Clute plumps for Bruce Sterling’s
novel Distraction (1998), set in "2040 or so," as his optimal
example of surfing sf—"sf about the kind of people it will take to cope
with a hundred futures rather than one" (182). Presumably the
textual/visual collage that makes up End Times was designed to encourage
the surfing talents of its readers. Oscar, the protagonist of Distraction,
exemplifies the positive possibilities of being a spin doctor—a useful
trickster. Clute sees himself in a similar role. He is the spin doctor Hermes
giving us the little messages, the vignettes that just might add up to a renewed
and decidedly Big Picture. It is unfortunate that the real-life scenarios he
describes amount only to a binary choice—roller-blading, plugged-in youth in
Camden Town, London (where Clute lives) versus golfing retirees in reactionary
Maine, USA. It may be, however, that this too-simple opposition (which
apparently values that ultimate Tamagotchi gesture—most mobile phone calls) is
redeemed by Clute’s closing thoughts.
Just as for Clute the true history of
sf is American, so it is not to a version of Blake’s visionary London that
Clute finally looks in hope but to America. "The past [like First SF?]
drags you under" (194).

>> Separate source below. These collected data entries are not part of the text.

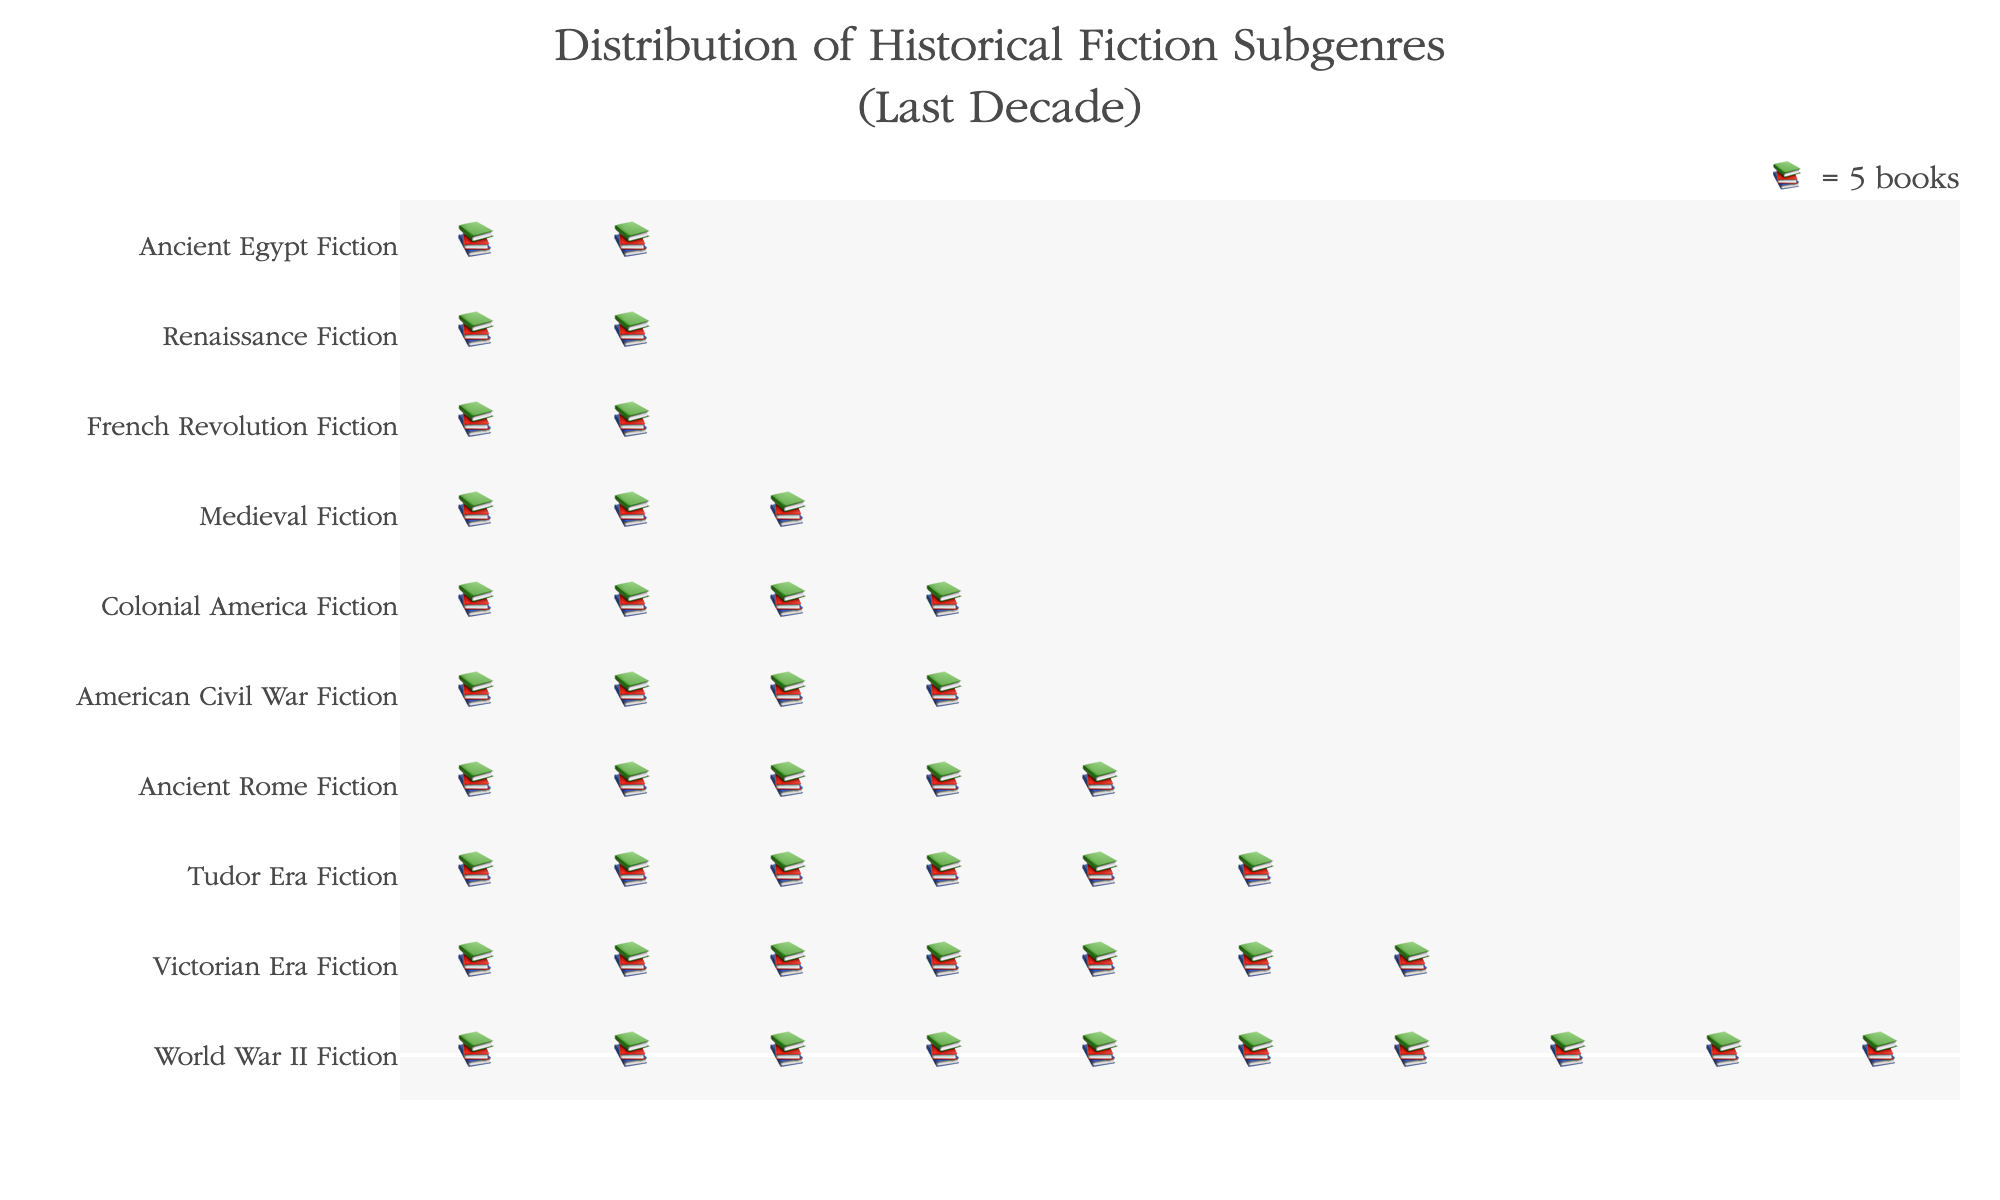What is the total number of subgenres shown in the plot? Count the distinct subgenres listed on the y-axis.
Answer: 10 Which subgenre has the highest number of books published? Look for the subgenre corresponding to the highest number of icons (books) in the plot.
Answer: World War II Fiction How many books were published in the American Civil War Fiction subgenre? Count the icons on the y-axis next to "American Civil War Fiction" and multiply by 5, as each icon represents 5 books.
Answer: 20 Which two subgenres have the smallest number of books published? Identify the two subgenres with the fewest icons next to their names.
Answer: Ancient Egypt Fiction, Renaissance Fiction By how much does the Tudor Era Fiction subgenre exceed the American Civil War Fiction subgenre in the number of books published? Calculate the difference in the number of icons for the two subgenres and multiply by 5. (30 books - 20 books)
Answer: 10 What's the total number of books published in the top three subgenres combined? Find the total number of icons for the top three subgenres and multiply by 5. (50 books + 35 books + 30 books)
Answer: 115 Compare the number of books published in the Victorian Era Fiction subgenre to the Renaissance Fiction subgenre. Which is greater and by how much? Identify the number of icons for both subgenres, subtract the number of icons for Renaissance from Victorian, and multiply by 5. Victorian Era Fiction (35) - Renaissance Fiction (10) = 25
Answer: Victorian Era Fiction, 25 What subgenre has exactly 12 books published? Look for the subgenre with exactly 2 icons next to it, as each icon represents 5 books.
Answer: French Revolution Fiction Add up the total number of books published across all subgenres shown. Sum the number of books published for each subgenre. 50 + 30 + 25 + 20 + 35 + 15 + 10 + 18 + 12 + 8 = 223
Answer: 223 How many more books were published in the Tudor Era Fiction subgenre compared to the Ancient Rome Fiction subgenre? Calculate the difference in the number of books published between the two subgenres. (30 books - 25 books)
Answer: 5 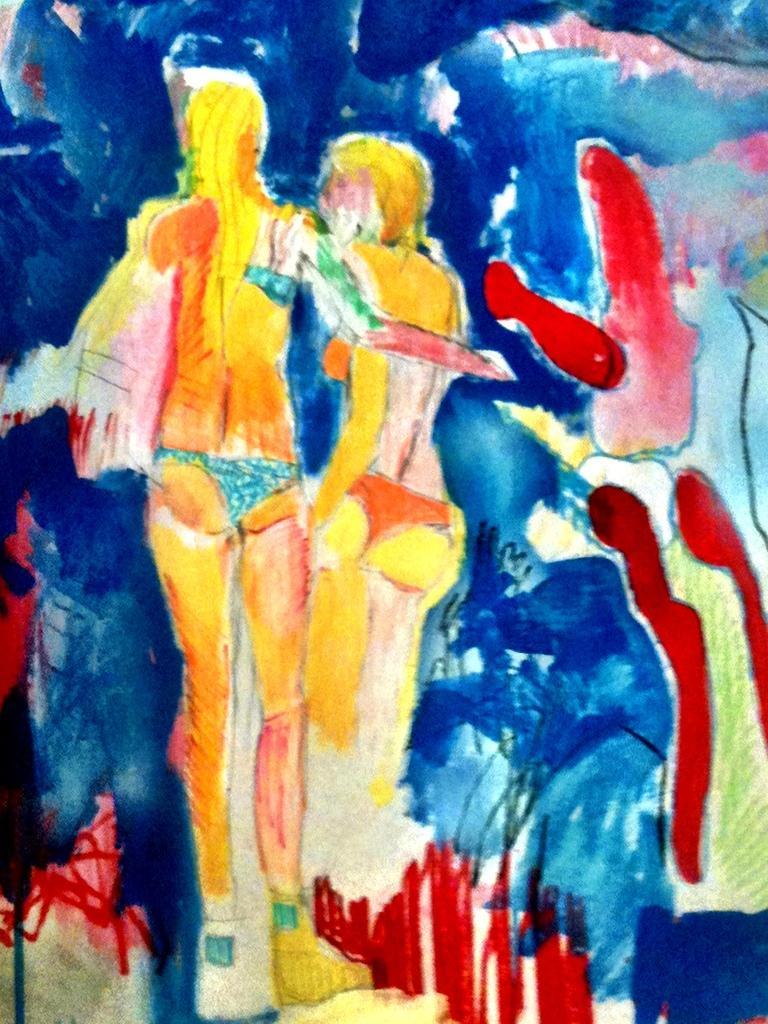Can you describe this image briefly? In the image there is a sketch painting of two women in bikini. 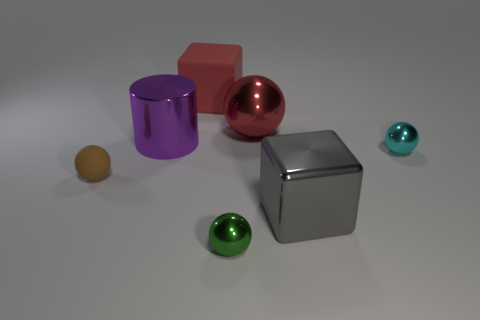Is there a gray metal cube of the same size as the green metallic ball?
Offer a very short reply. No. There is a tiny green ball that is in front of the small metallic object to the right of the big object that is in front of the small cyan shiny sphere; what is it made of?
Your response must be concise. Metal. There is a large block in front of the big red metallic object; what number of tiny metal objects are on the right side of it?
Keep it short and to the point. 1. There is a matte thing in front of the purple metal cylinder; is it the same size as the cyan object?
Your answer should be compact. Yes. What number of small brown matte things have the same shape as the cyan metallic thing?
Give a very brief answer. 1. The big matte object has what shape?
Ensure brevity in your answer.  Cube. Is the number of big metallic cylinders that are to the right of the large gray block the same as the number of red balls?
Your response must be concise. No. Are the cube that is behind the red shiny object and the red sphere made of the same material?
Ensure brevity in your answer.  No. Is the number of cyan metallic balls on the left side of the large cylinder less than the number of red cubes?
Provide a succinct answer. Yes. How many matte things are either purple cylinders or cubes?
Provide a succinct answer. 1. 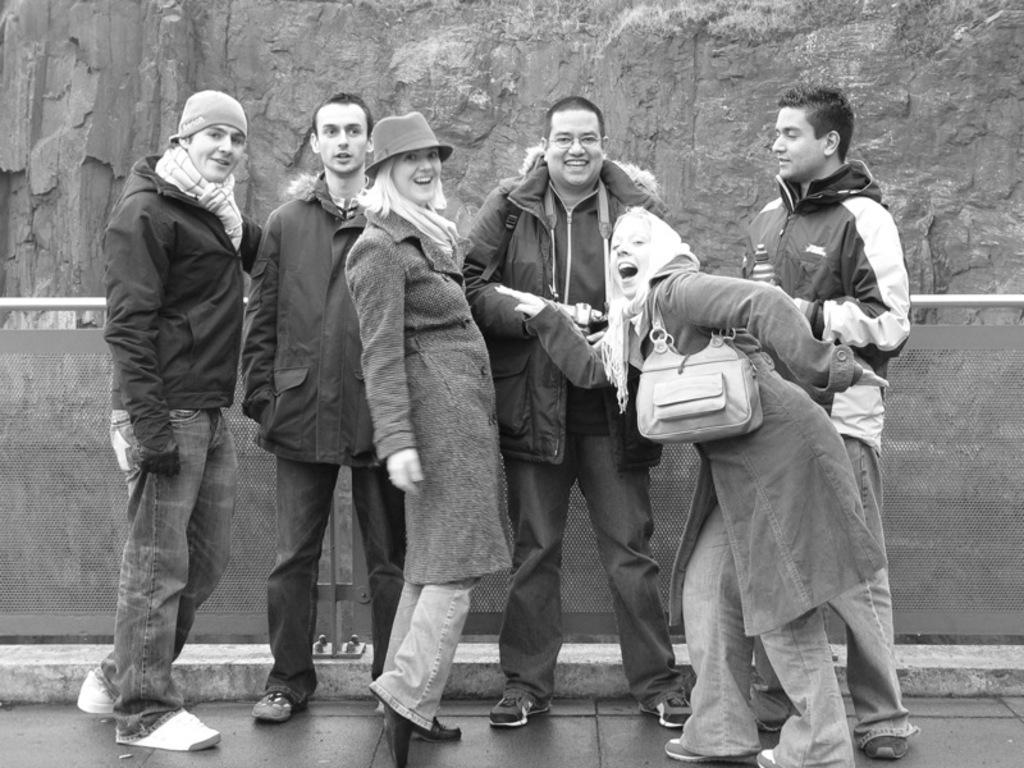How many people are in the image? There is a group of people in the image. What are the people doing in the image? The people are standing on a path and smiling. What can be seen in the background of the image? There is a wall in the background of the image. What is behind the wall in the image? There is a rock wall behind the wall. What grade is the wall in the image? The wall in the image is not a grade; it is a physical structure. 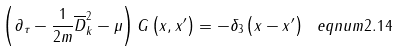Convert formula to latex. <formula><loc_0><loc_0><loc_500><loc_500>\left ( \partial _ { \tau } - \frac { 1 } { 2 m } \overline { D } _ { k } ^ { 2 } - \mu \right ) G \left ( x , x ^ { \prime } \right ) = - \delta _ { 3 } \left ( x - x ^ { \prime } \right ) \ e q n u m { 2 . 1 4 }</formula> 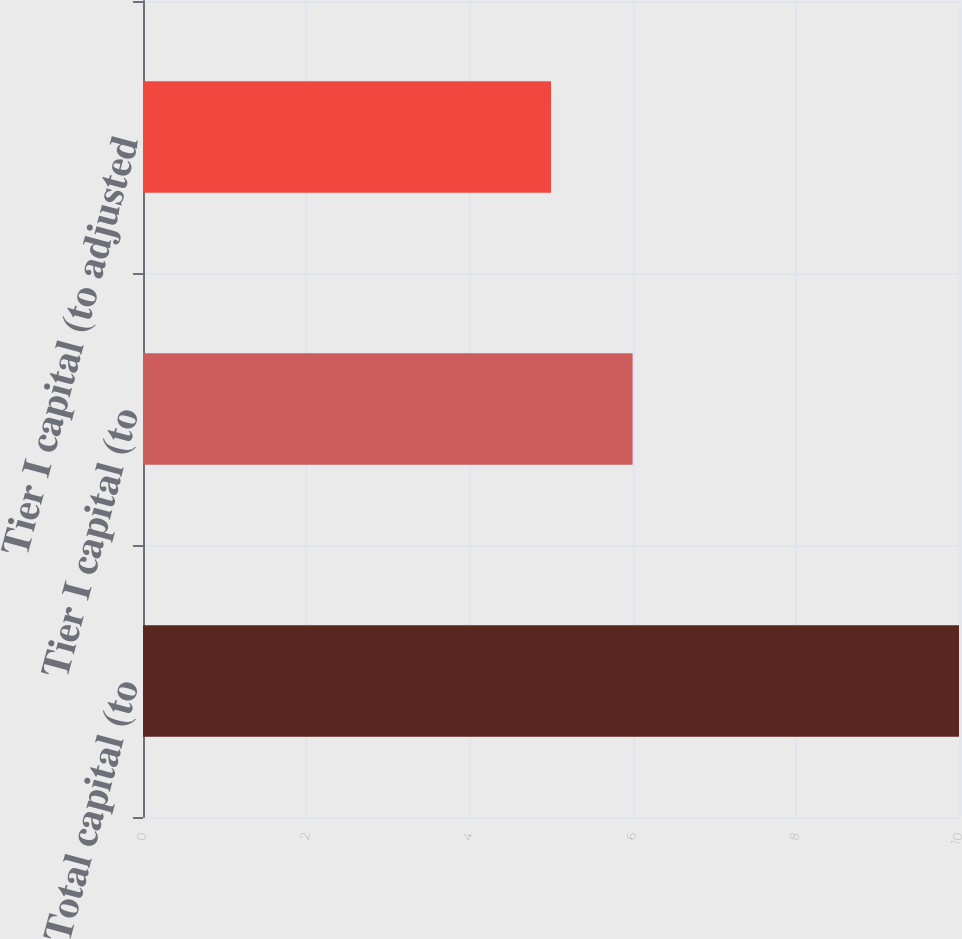Convert chart. <chart><loc_0><loc_0><loc_500><loc_500><bar_chart><fcel>Total capital (to<fcel>Tier I capital (to<fcel>Tier I capital (to adjusted<nl><fcel>10<fcel>6<fcel>5<nl></chart> 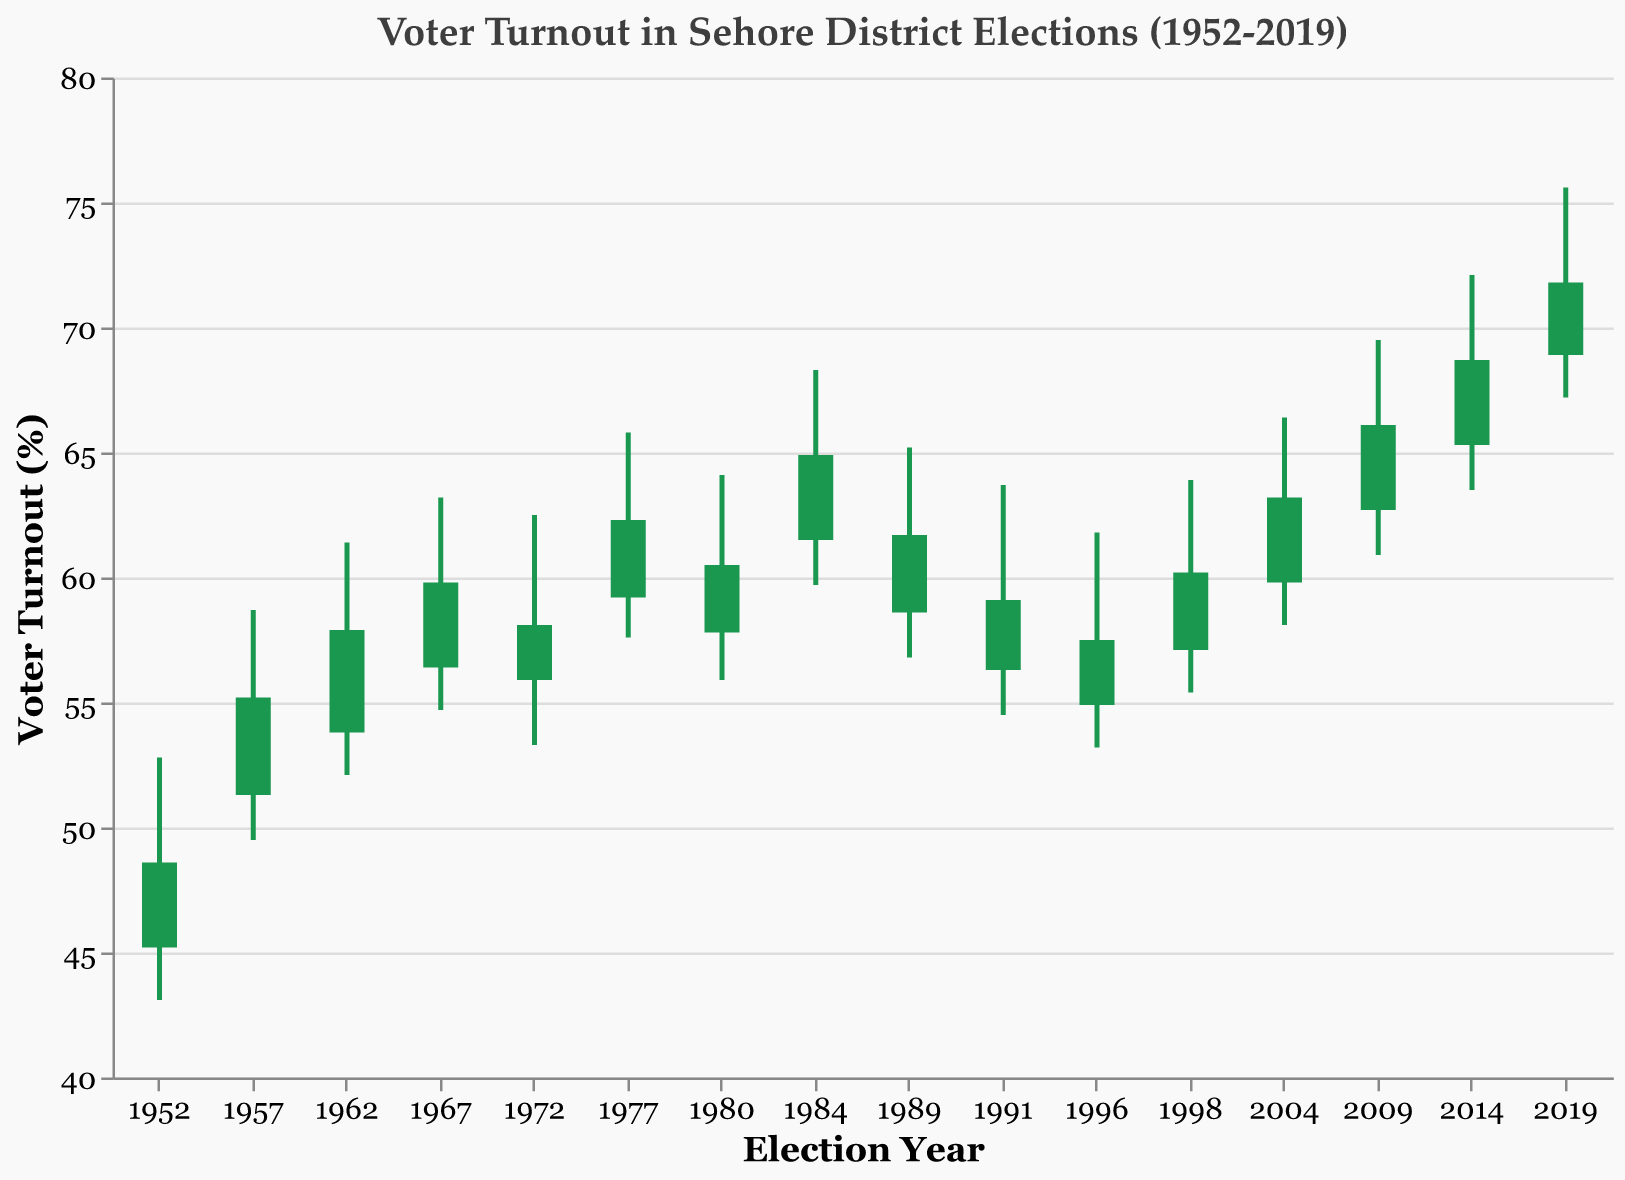What is the highest voter turnout percentage in the given years? The highest turnout percentage is shown by the "High" value in the dataset. By looking at the "High" column, the highest value is 75.6 in the year 2019.
Answer: 75.6% What was the voter turnout percentage at the end of the 1962 election? The "Close" value represents the voter turnout percentage at the end of the election. For the year 1962, the "Close" value is 57.9.
Answer: 57.9% Which election year had the lowest recorded voter turnout? The lowest recorded voter turnout is indicated by the "Low" value. By reviewing the "Low" column, the lowest value is 43.1 in the year 1952.
Answer: 43.1% Compare the voter turnout percentage at the beginning of 1977 and at the end of the same year. Which was higher? The "Open" value represents the beginning and the "Close" value represents the end. For the year 1977, the "Open" value is 59.2 and the "Close" value is 62.3. 62.3 is higher.
Answer: Close (62.3%) Which election year saw the greatest increase in voter turnout percentage from beginning to end? To find the greatest increase, subtract the “Open” value from the “Close” value for each year and compare the differences. The year 1984 had the greatest increase from 61.5 to 64.9, a difference of 3.4%.
Answer: 1984 (3.4%) What is the average voter turnout percentage at the beginning of the elections from 1952 to 1972? The "Open" values for the years 1952, 1957, 1962, 1967, and 1972 are 45.2, 51.3, 53.8, 56.4, and 55.9, respectively. The sum of these values is 262.6. The average is 262.6 / 5 = 52.52.
Answer: 52.52% How does the voter turnout at the beginning of the 2009 election compare to the end of the 1998 election? The "Open" value for 2009 is 62.7, and the "Close" value for 1998 is 60.2. Since 62.7 is greater than 60.2, the turnout at the beginning of 2009 is higher.
Answer: 62.7 is higher What trend can be observed from the voter turnout percentages between 2004 and 2014? Observing the "Close" values for 2004, 2009, and 2014, they are 63.2, 66.1, and 68.7 respectively. This shows an increasing trend in voter turnout percentages over these years.
Answer: Increasing trend What was the range of voter turnout percentages during the 2019 election? The range is calculated by subtracting the “Low” value from the “High” value for the year 2019. The values are 67.2 (Low) and 75.6 (High). The range is 75.6 - 67.2 = 8.4.
Answer: 8.4 In which decade did the voter turnout consistently exceed 60%? Reviewing the "Close" values for each decade, consistent values over 60% were observed from 1977 to 2014, except in the 1990s where two elections (1991 and 1996) have "Close" values below 60%. Thus, the consistent decade of turnout exceeding 60% is the 2000s (2004, 2009, 2014).
Answer: 2000s

America (the future?) "is the true land of the
trickster" (200)—the confidence-man. It is there that Clute’s hope for
positive, philosophical/conceptual/rhetorical apocalypses resides. The
Apocalypse, the Book of Revelation, will help, because it may be regarded as
"a cauldron of story" (223) from which a new, preferable mappemonde,
a map of the world (or should that be maps plural?), may be created. This
description of the Book of Revelation is, of course, pure spin-doctoring—it is
rather End Times itself that seeks (with some success) to provide a
cauldron of invention. The relationship between sf and the turn of the
millennium is an important and necessary topic that deserves further study. End
times can, as the cliché has it, be beginning times. Certainly End Times
effectively begins the exploration of the second millennium’s end, as filtered
through, and constructed by, the apocalyptic imagination of sf.